岡田氏は討論で「国民に正直に、こういうリスクがあるがやっぱり必要だと説明しないと絶対に理解されない」と強調。米軍が日本周辺地域で第三国と戦闘に入った際の自衛隊の活動について「米国が武力行使することで、その跳ね返りが日本にくることは当然考えられる」とただした。
これに対し首相は、国の存立が脅かされる明白な危険の発生など新3要件を満たさなければ「自動的に(自衛隊が)行くことはあり得ない」と反論。「われわれは武力行使はしないし、後方支援活動でも戦闘現場になれば直ちに撤収していく。巻き込まれ論はあり得ない」と述べた。
岡田氏は集団的自衛権の行使に当たり、自衛隊の活動範囲が「相手国の領土、領空、領海に及ぶのは当然だ」とも指摘したが、首相は「必要最小限度の実力行使にとどまる」とした新3要件を盾に、「他国の領土に戦闘行動を目的に派兵することはない」と主張した。
自衛隊が戦闘に巻き込まれる危険性を断定口調で否定し続ける首相に岡田氏が業を煮やし、「私は一つも納得できない。間違っている」と声を荒らげると、首相は「法案についての説明は全く正しいと思いますよ。
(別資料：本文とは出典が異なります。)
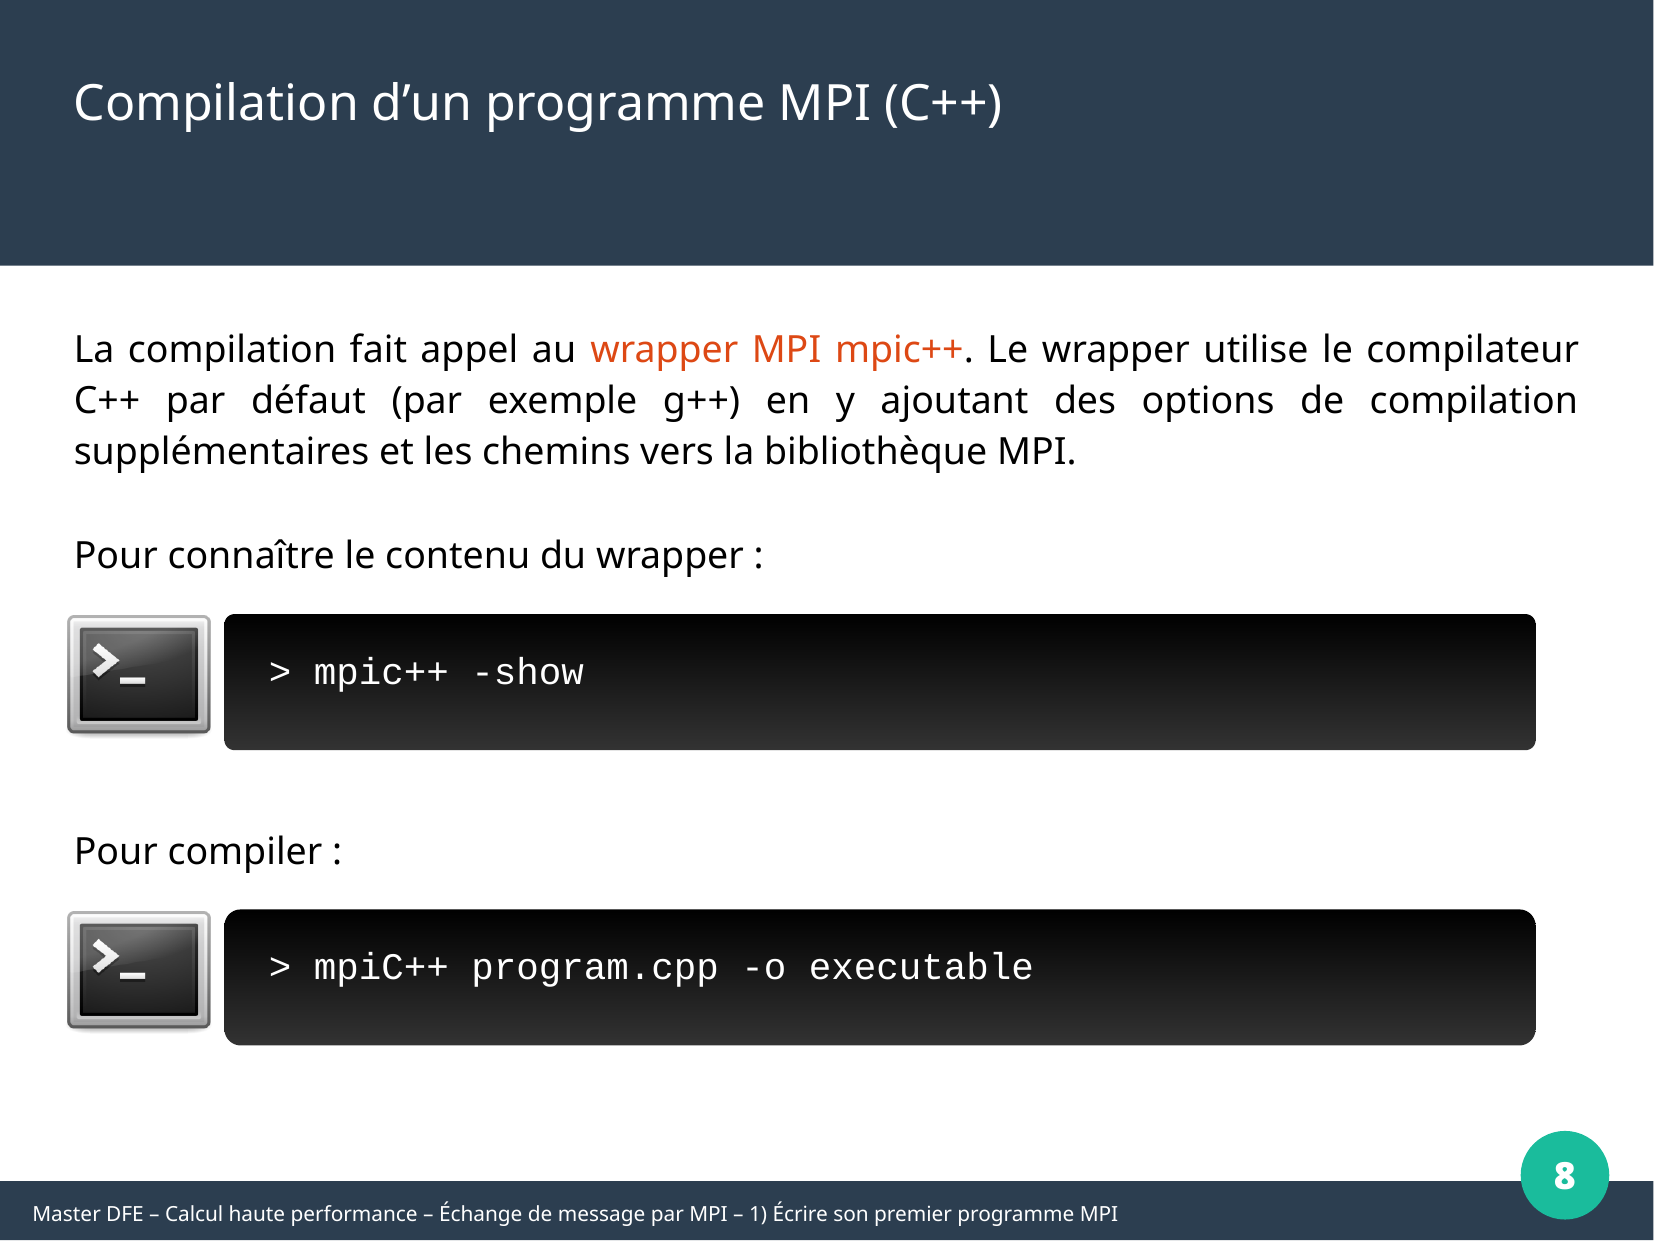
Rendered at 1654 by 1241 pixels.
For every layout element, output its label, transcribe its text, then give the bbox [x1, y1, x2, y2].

picture [64, 911, 213, 1034]
text_box > mpic++ -show [253, 645, 1524, 739]
picture [64, 615, 213, 739]
text_box [224, 910, 1536, 1046]
text_box Pour connaître le contenu du wrapper : [59, 521, 1595, 615]
text_box [224, 615, 1536, 751]
text_box > mpiC++ program.cpp -o executable [253, 940, 1524, 1034]
text_box Compilation d’un programme MPI (C++) [59, 59, 1477, 142]
text_box La compilation fait appel au wrapper MPI mpic++. Le wrapper utilise le compilateur C++ par défaut (par exemple g++) en y ajoutant des options de compilation supplémentaires et les chemins vers la bibliothèque MPI. [59, 314, 1595, 483]
text_box Pour compiler : [59, 816, 1595, 910]
text_box Master DFE – Calcul haute performance – Échange de message par MPI – 1) Écrire son premier programme MPI [17, 1191, 1436, 1235]
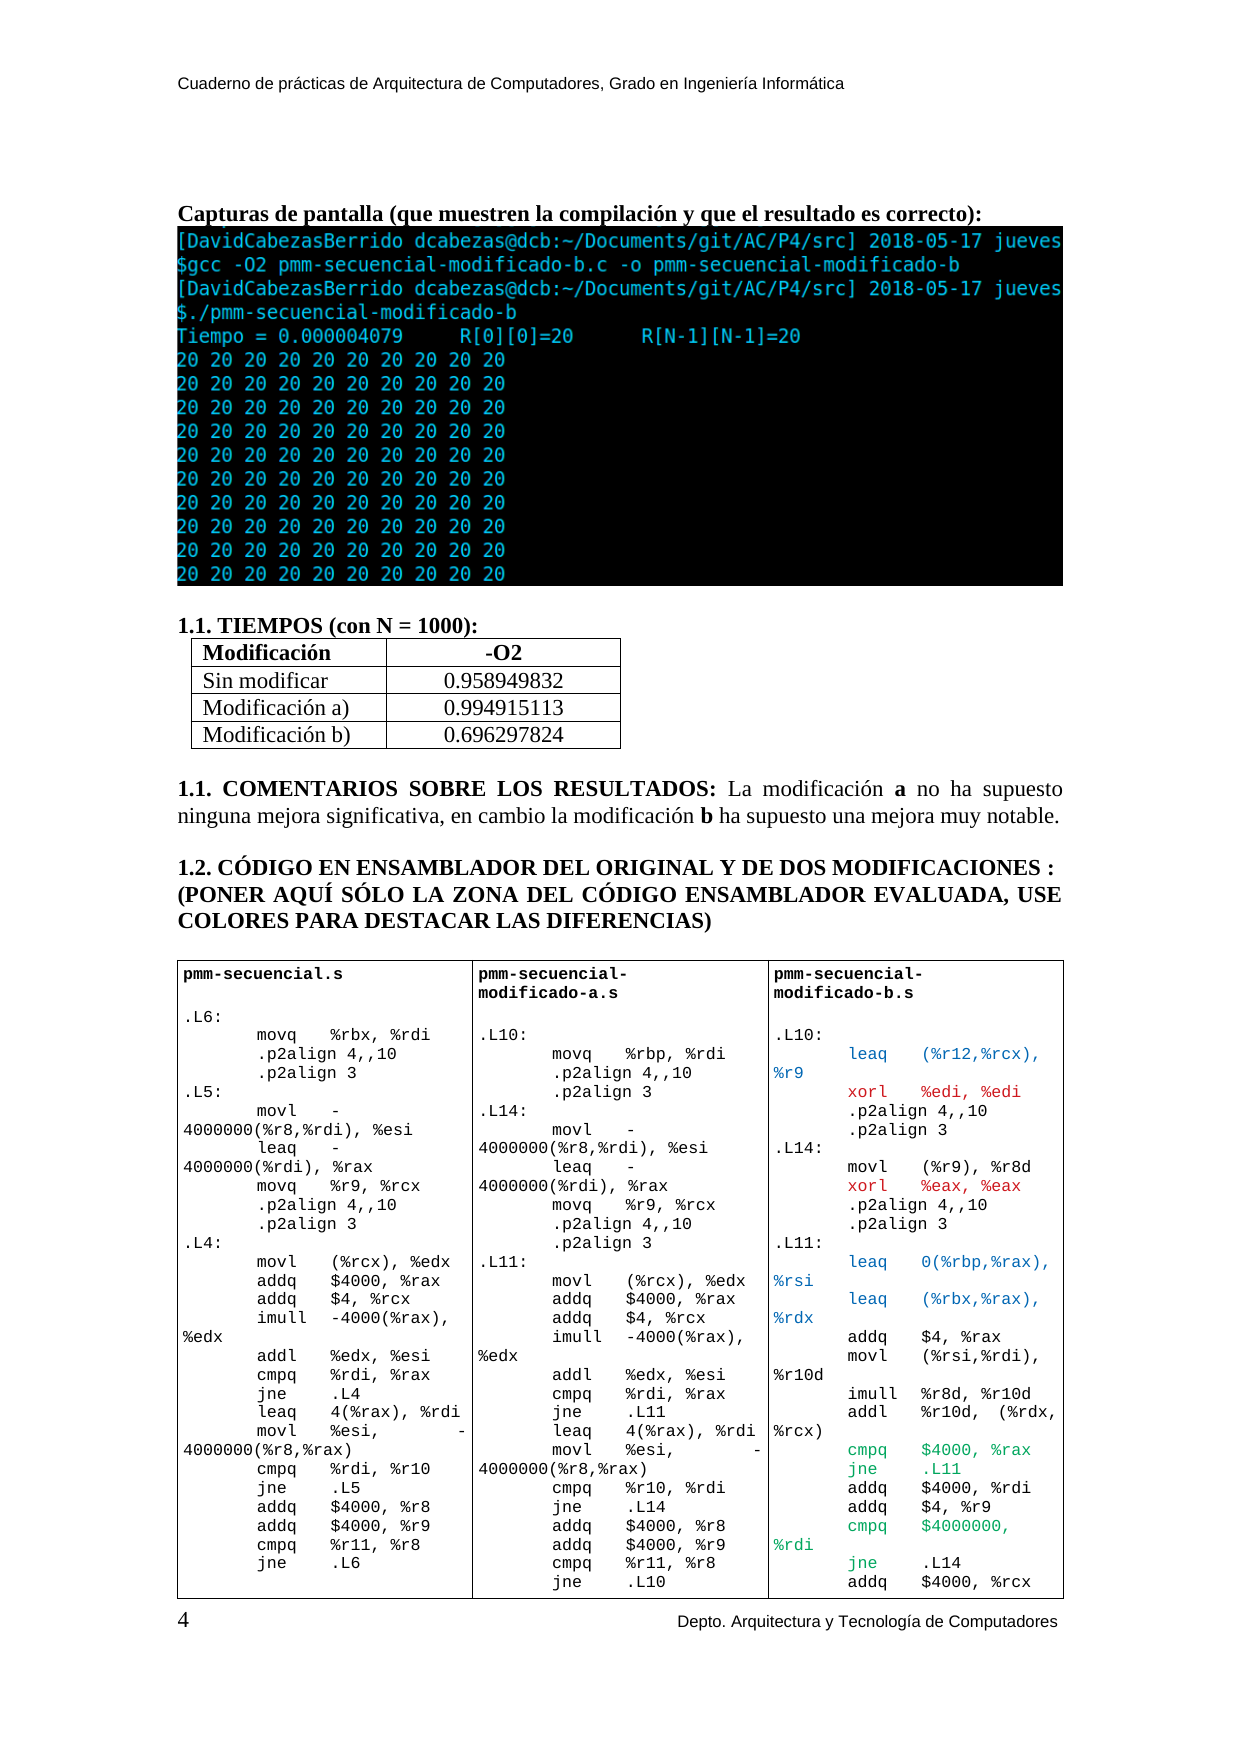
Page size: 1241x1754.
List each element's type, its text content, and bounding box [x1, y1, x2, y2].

table_header pmm-secuencial.s .L6: movq %rbx, %rdi .p2align 4,,10 .p2align 3 .L5: movl -4000000(%r8,%rdi), %esi leaq -4000000(%rdi), %rax movq %r9, %rcx .p2align 4,,10 .p2align 3 .L4: movl (%rcx), %edx addq $4000, %rax addq $4, %rcx imull -4000(%rax), %edx addl %edx, %esi cmpq %rdi, %rax jne .L4 leaq 4(%rax), %rdi movl %esi, -4000000(%r8,%rax) cmpq %rdi, %r10 jne .L5 addq $4000, %r8 addq $4000, %r9 cmpq %r11, %r8 jne .L6 [178, 961, 472, 1598]
text (PONER AQUÍ SÓLO LA ZONA DEL CÓDIGO ENSAMBLADOR EVALUADA, USE COLORES PARA DESTACAR LAS DIFERENCIAS) [177, 881, 1063, 933]
picture [177, 521, 183, 530]
table_cell Sin modificar [192, 667, 386, 693]
table_cell 0.994915113 [387, 694, 620, 721]
text Capturas de pantalla (que muestren la compilación y que el resultado es correcto): [177, 200, 1063, 226]
table_header Modificación [192, 639, 386, 666]
text 1.1. COMENTARIOS SOBRE LOS RESULTADOS: La modificación a no ha supuesto ninguna mejora significativa, en cambio la modificación b ha supuesto una mejora muy notable. [177, 775, 1063, 828]
text 1.1. TIEMPOS (con N = 1000): [177, 612, 1063, 638]
table_cell 0.958949832 [387, 667, 620, 693]
text 1.2. CÓDIGO EN ENSAMBLADOR DEL ORIGINAL Y DE DOS MODIFICACIONES : [177, 854, 1063, 881]
table_header -O2 [387, 639, 620, 666]
picture [177, 226, 1063, 586]
table_header pmm-secuencial- modificado-b.s .L10: leaq (%r12,%rcx), %r9 xorl %edi, %edi .p2align 4,,10 .p2align 3 .L14: movl (%r9), %r8d xorl %eax, %eax .p2align 4,,10 .p2align 3 .L11: leaq 0(%rbp,%rax), %rsi leaq (%rbx,%rax), %rdx addq $4, %rax movl (%rsi,%rdi), %r10d imull %r8d, %r10d addl %r10d, (%rdx,%rcx) cmpq $4000, %rax jne .L11 addq $4000, %rdi addq $4, %r9 cmpq $4000000, %rdi jne .L14 addq $4000, %rcx [769, 961, 1063, 1598]
picture [177, 569, 183, 577]
table_cell Modificación a) [192, 694, 386, 721]
picture [177, 545, 183, 553]
table_cell 0.696297824 [387, 722, 620, 748]
table_cell Modificación b) [192, 722, 386, 748]
picture [177, 402, 183, 411]
table_header pmm-secuencial- modificado-a.s .L10: movq %rbp, %rdi .p2align 4,,10 .p2align 3 .L14: movl -4000000(%r8,%rdi), %esi leaq -4000000(%rdi), %rax movq %r9, %rcx .p2align 4,,10 .p2align 3 .L11: movl (%rcx), %edx addq $4000, %rax addq $4, %rcx imull -4000(%rax), %edx addl %edx, %esi cmpq %rdi, %rax jne .L11 leaq 4(%rax), %rdi movl %esi, -4000000(%r8,%rax) cmpq %r10, %rdi jne .L14 addq $4000, %r8 addq $4000, %r9 cmpq %r11, %r8 jne .L10 [473, 961, 768, 1598]
picture [177, 426, 183, 434]
picture [177, 450, 183, 458]
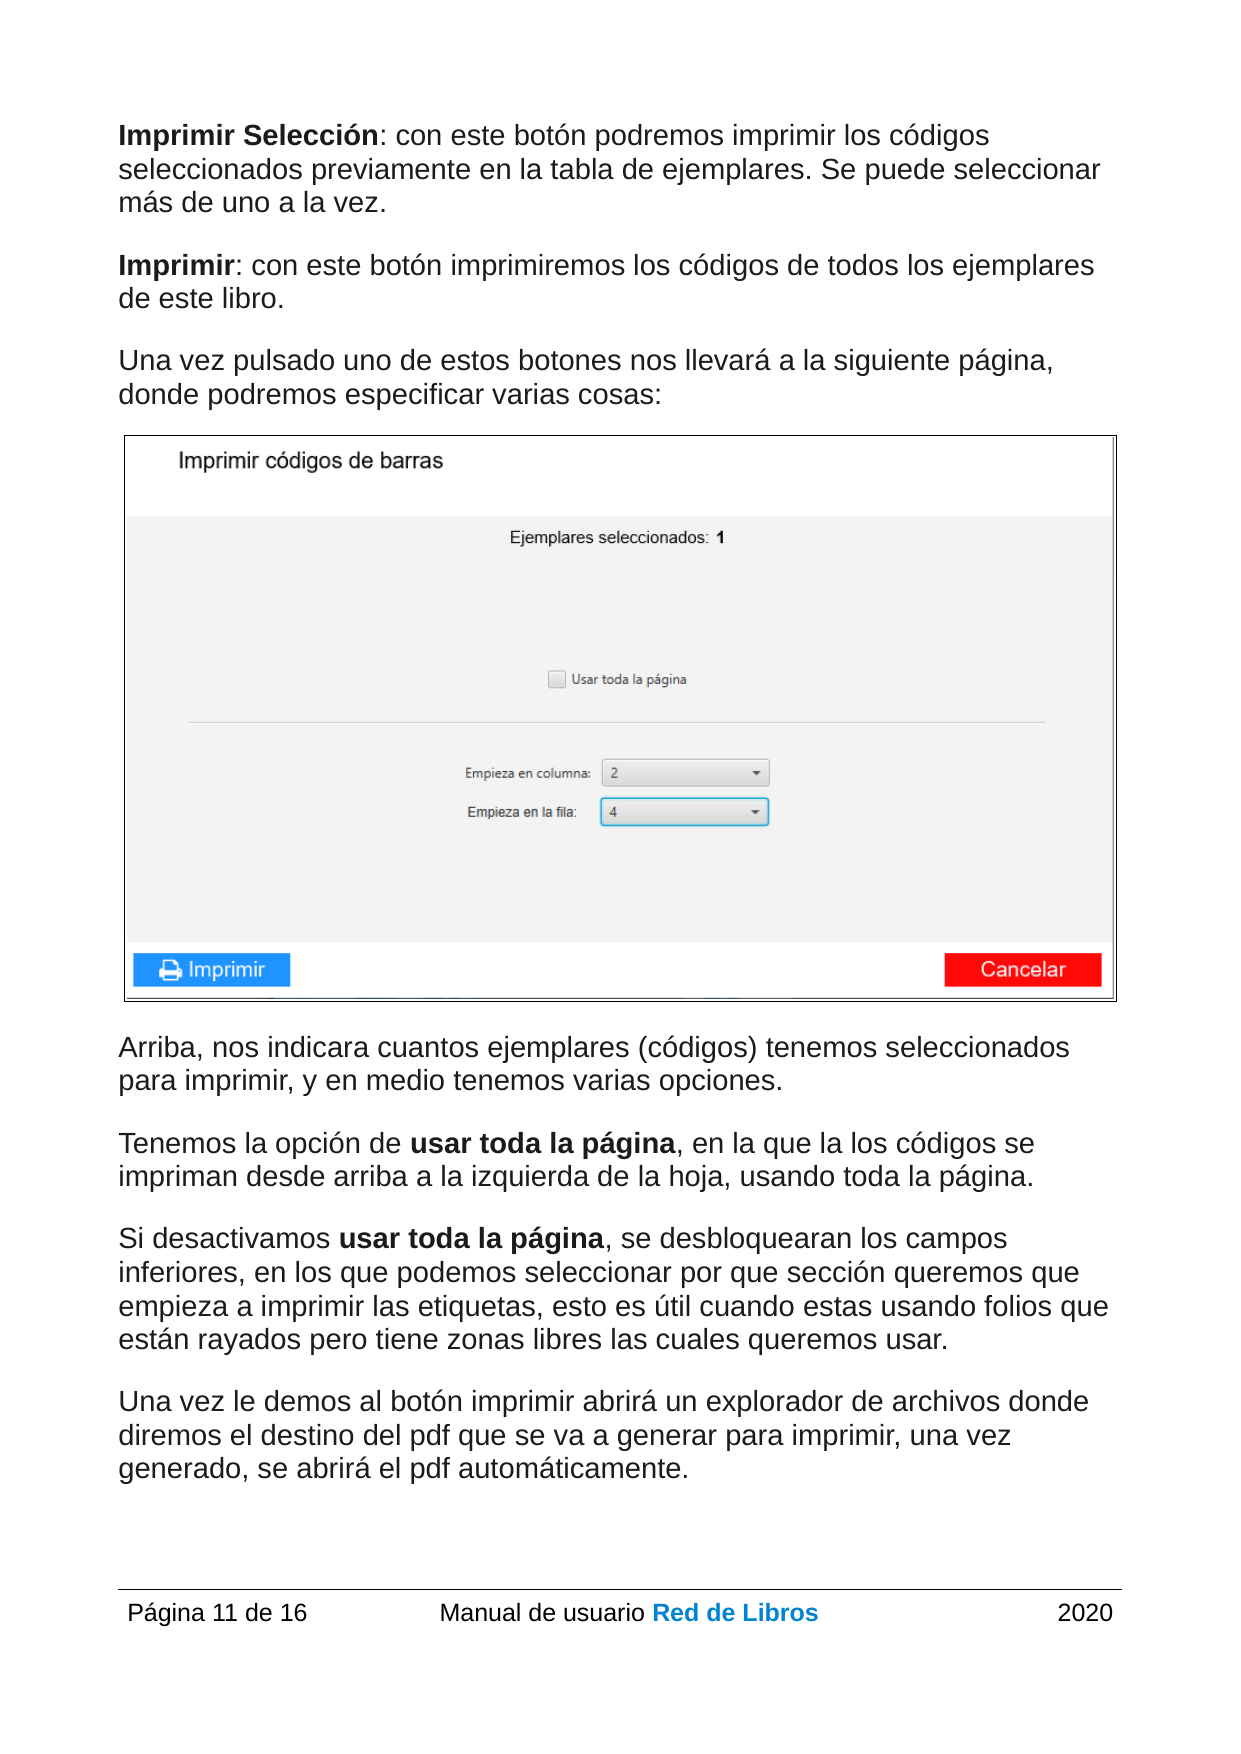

私は総理大臣なんですから」と言葉尻を捉えて反論する場面もあった。
首相としては、実際の事態が発生していない以上、相手の議論の土俵に乗って具体論に踏み込むことのないよう「安全運転」に徹した格好だ。討論後、岡田氏はこうした首相の姿勢について記者団に「聞いていないことを延々と答えており、国民に分かるはずもない」と不満を表明。首相の答弁ぶりから、国民の理解を促す努力を怠っていると訴えていく構えを示した。(2015/05/20-21:02)
今日の党首討論の中で、一番ひっかかったのは、「我々の法案の説明は全く正しいと思いますよ。私は総理大臣なんですから」という部分。これ、論理的には破綻しているのだけれど、「総理大臣は常に正しい、私が総理大臣であり、私の説明は常に正しい」という信仰だとすれば納得がいく。